Combien de programmes informatiques contiennent des trésors insoupçonnés cachés dans des trous de souris, aux deux sens du terme! S’il fallait énoncer une première règle, ce serait simplement celle de veiller à représenter les objets d’une manière non seulement esthétique, mais avec un souci sémantique. Dans ce sens, on peut citer quelques principes que seule une analyse critique de cas concrets pourrait expliciter. Un élément de navigation doit indiquer la quantité, le poids, l’intérêt, l’ampleur de ce à quoi il conduit, par sa taille, son aspect. La cohérence (et la sobriété) dans l’usage des pictogrammes (icônes) est indispensable.

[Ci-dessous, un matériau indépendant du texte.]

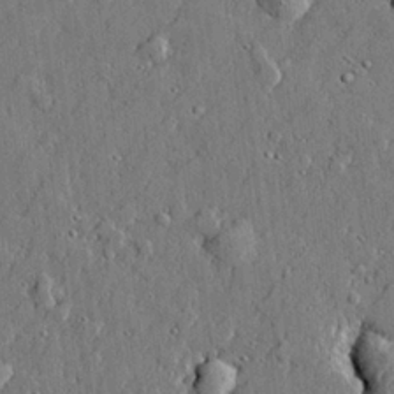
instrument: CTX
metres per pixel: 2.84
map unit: lHvf
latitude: 21.6694
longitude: 143.9556
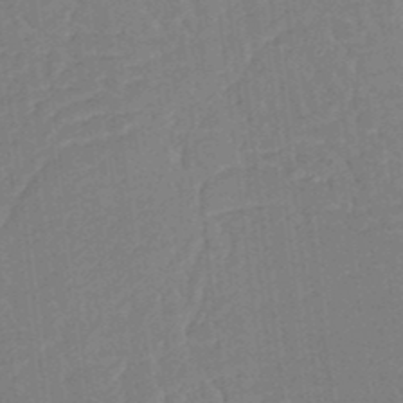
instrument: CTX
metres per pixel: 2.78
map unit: Nhu
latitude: 23.8583
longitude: -72.9892
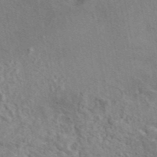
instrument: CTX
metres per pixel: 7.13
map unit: eAb
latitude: 42.6113
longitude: 109.9367
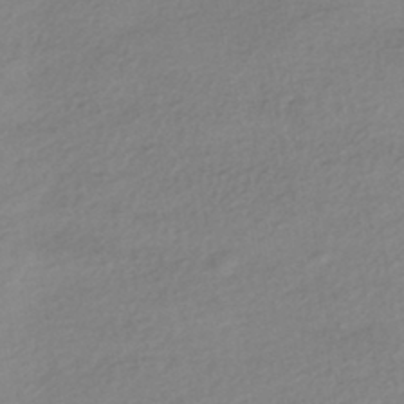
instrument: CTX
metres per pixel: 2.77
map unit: HNhu
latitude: -43.3698
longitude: 96.2362
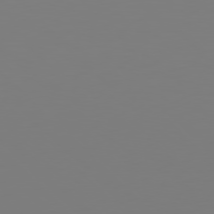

Une collection d’objets doit toujours être quantifiée, paginée de manière aussi analogique, intuitive que possible. La redondance des différents accès, mais aussi celle du son sur l’image, sont des facteurs qui n’impliquent pas forcément lourdeur ou contradiction. Utilisés à bon escient, ils permettent de maîtriser l’emphase ou tout simplement d’aider une familiarisation avec les fonctions essentielles de la navigation.
Au-delà de la simple apparence graphique, de nombreux travaux ont été réalisés sur l’aspect structurel de l’interactivité, toujours à cause du caractère obligatoire de celle-ci, qui en fait la condition première de la découverte du produit. Sans entrer dans les détails de chaque forme de navigation on peut citer :
- la forme arborescente, héritée du Minitel ou du bureau électronique, à base de sommaires de plus en plus détaillés
- la réalité virtuelle, héritée des jeux électroniques, qui cherche à recréer un monde euclidien tridimensionnel plus ou moins réaliste
- la forme hypertexte, ou hypermédia par extension aux autres médias, qui crée un réseau de renvois, parfois inextricable, entre les divers documents
- la forme base de données, avec son jeu d’outils de recherche, principalement basés sur le texte.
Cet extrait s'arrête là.